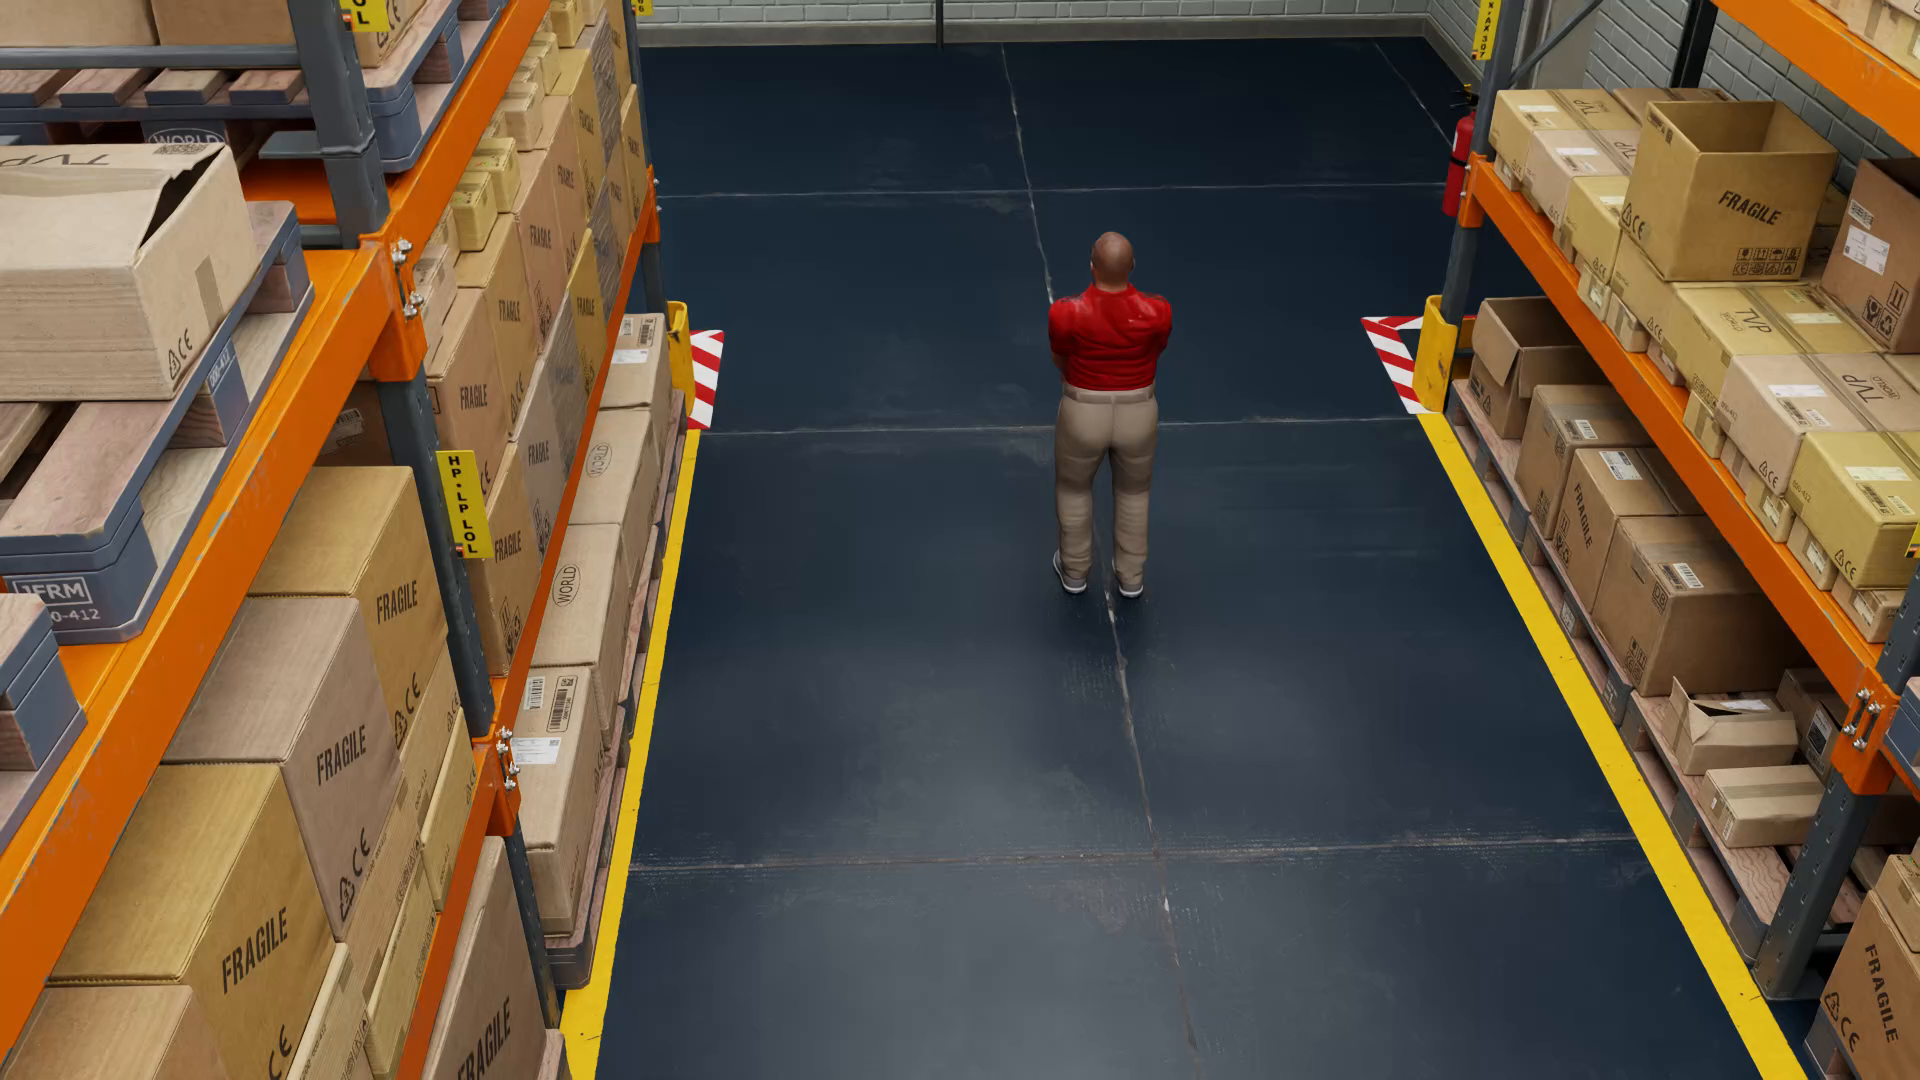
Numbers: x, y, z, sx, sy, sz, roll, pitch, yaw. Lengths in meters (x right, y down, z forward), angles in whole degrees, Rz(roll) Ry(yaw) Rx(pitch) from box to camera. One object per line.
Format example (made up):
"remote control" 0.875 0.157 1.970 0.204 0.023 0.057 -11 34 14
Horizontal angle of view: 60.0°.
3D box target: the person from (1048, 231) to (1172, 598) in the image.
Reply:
"person" 0.590 -0.556 6.962 0.494 1.713 0.536 -1 35 -2
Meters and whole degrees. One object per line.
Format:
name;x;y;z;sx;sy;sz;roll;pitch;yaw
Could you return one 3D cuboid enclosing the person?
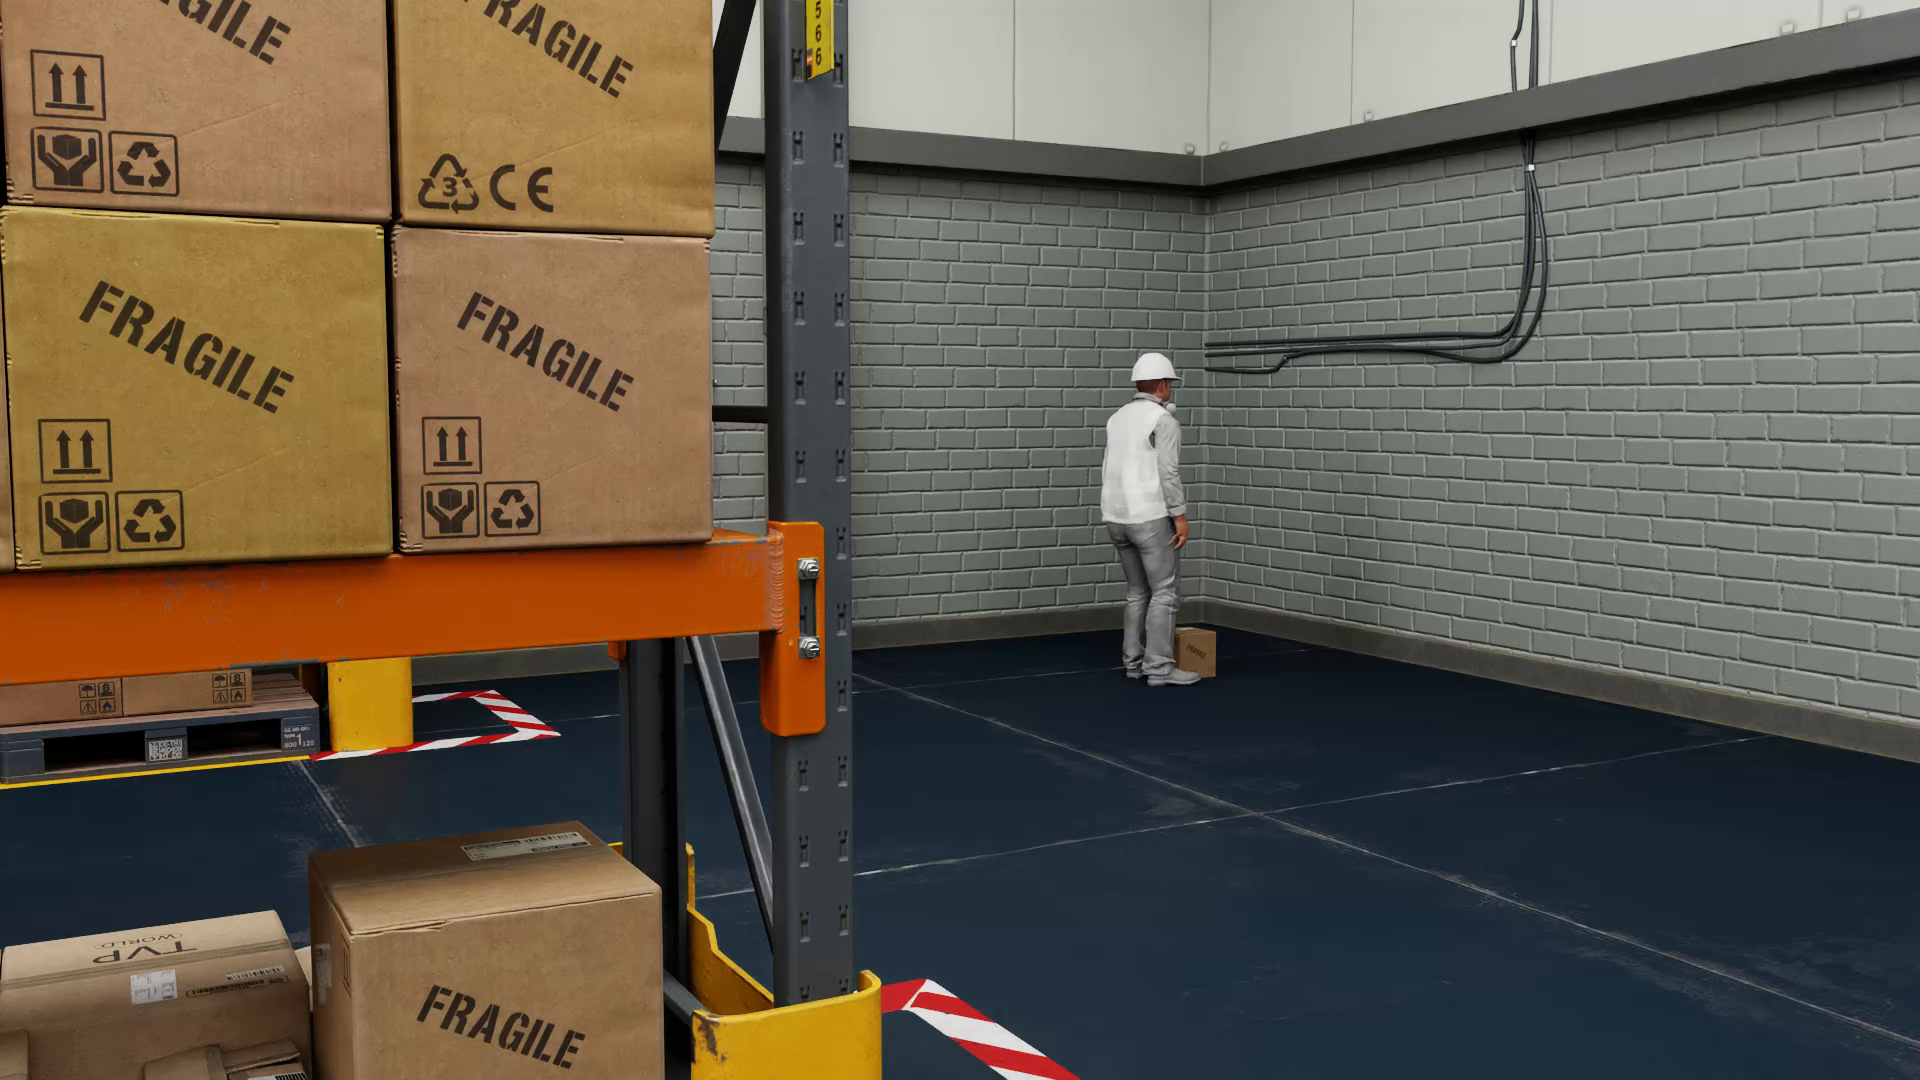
person;1.011;-0.122;8.992;0.474;1.770;0.593;-3;6;-32
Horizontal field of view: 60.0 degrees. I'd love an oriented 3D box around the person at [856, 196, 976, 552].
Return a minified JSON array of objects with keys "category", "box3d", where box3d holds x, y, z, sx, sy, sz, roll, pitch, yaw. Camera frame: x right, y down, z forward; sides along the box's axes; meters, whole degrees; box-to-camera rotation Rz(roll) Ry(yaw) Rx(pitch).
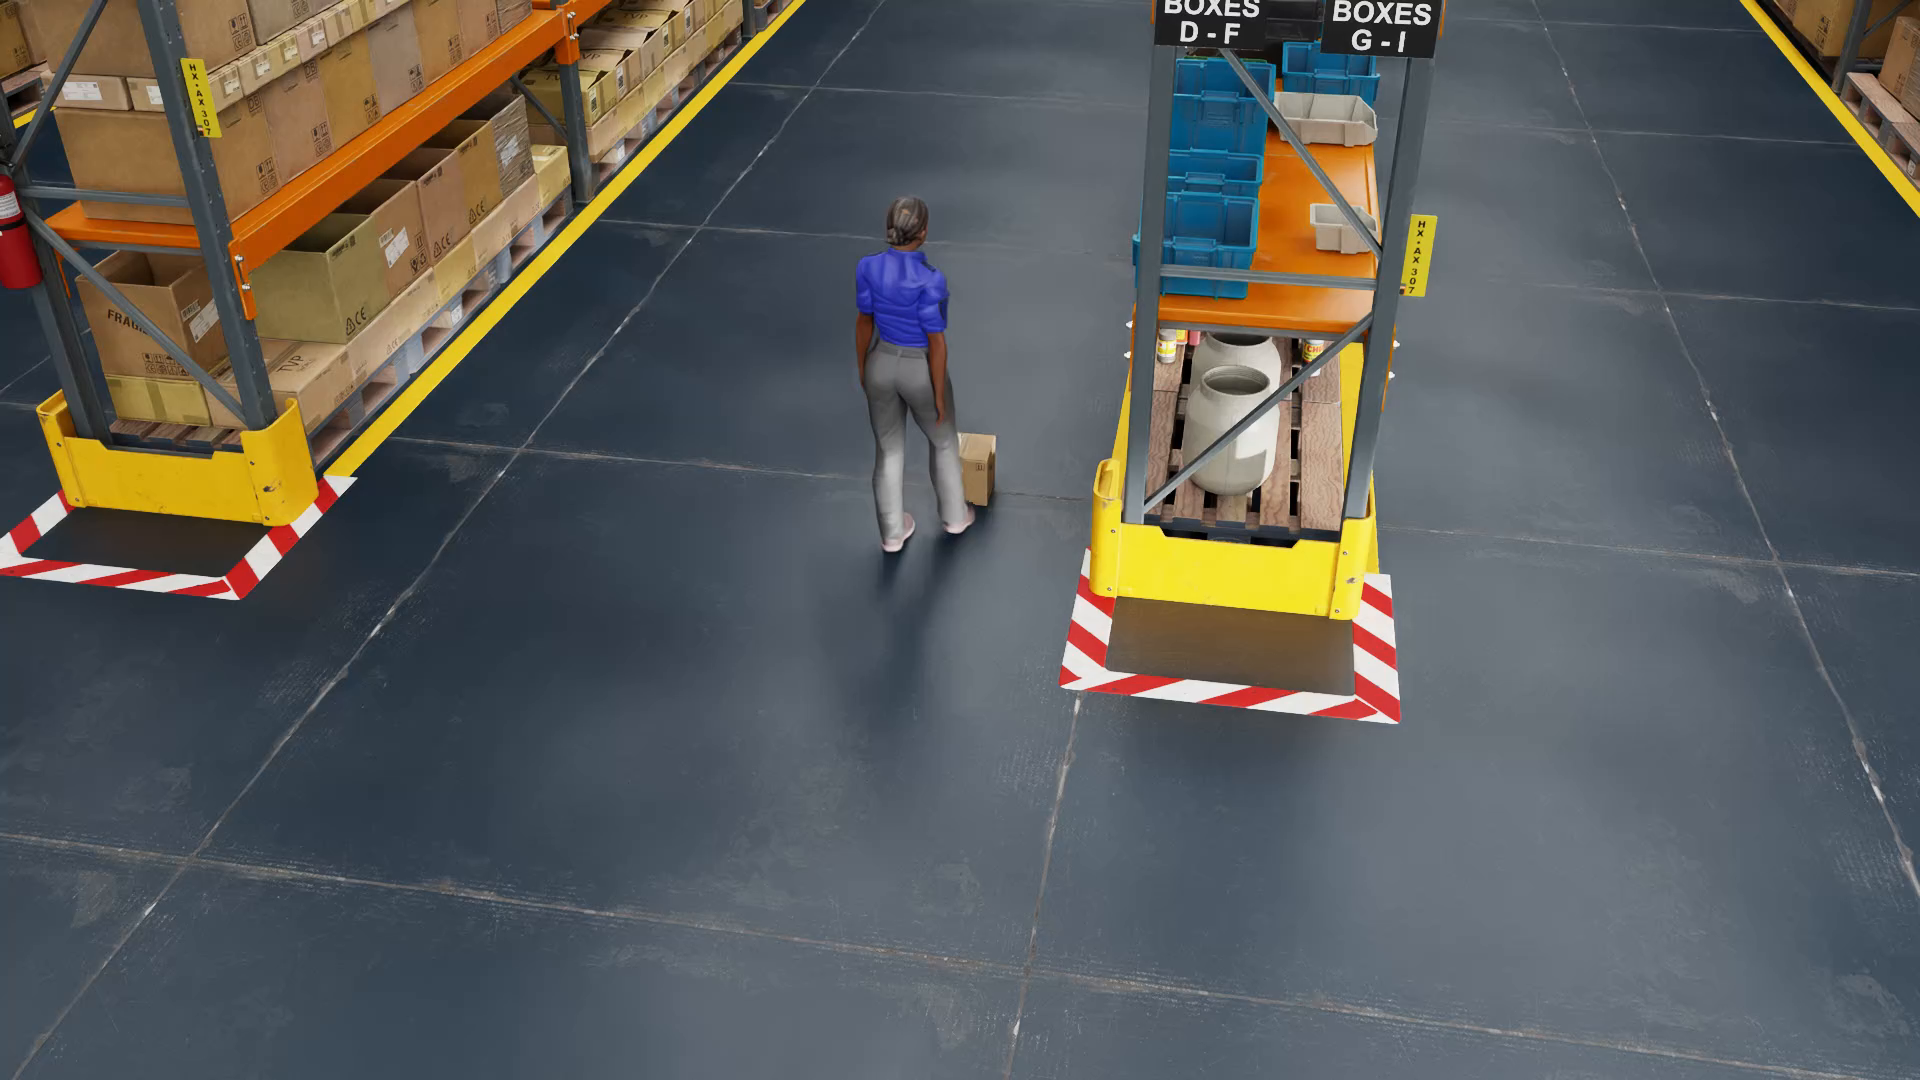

• Directions:
Without the pictures, restate all of the entries word for word.

• Response:
Numbers: x, y, z, sx, sy, sz, roll, pitch, yaw. Lengths in meters (x right, y down, z forward), angles in whole degrees, Rz(roll) Ry(yaw) Rx(pitch) from box to camera. One object per line.
Format example (made up):
"remote control" 0.875 0.157 1.970 0.204 0.023 0.057 -11 34 14
Horizontal angle of view: 60.0°.
3D box target: the person from (1048, 231) to (1172, 598) in the image.
Reply:
"person" 0.590 -0.556 6.962 0.494 1.713 0.536 -1 35 -2
Meters and whole degrees. One object per line.
Format:
name;x;y;z;sx;sy;sz;roll;pitch;yaw
Could you return one 3D cuboid enclosing the person?
person;1.011;-0.122;8.992;0.474;1.770;0.593;-3;6;-32
Horizontal field of view: 60.0 degrees. I'd love an oriented 3D box around the person at [856, 196, 976, 552].
Return a minified JSON array of objects with keys "category", "box3d", where box3d holds x, y, z, sx, sy, sz, roll, pitch, yaw. Camera frame: x right, y down, z forward; sides along the box's axes; meters, whole degrees; box-to-camera rotation Rz(roll) Ry(yaw) Rx(pitch).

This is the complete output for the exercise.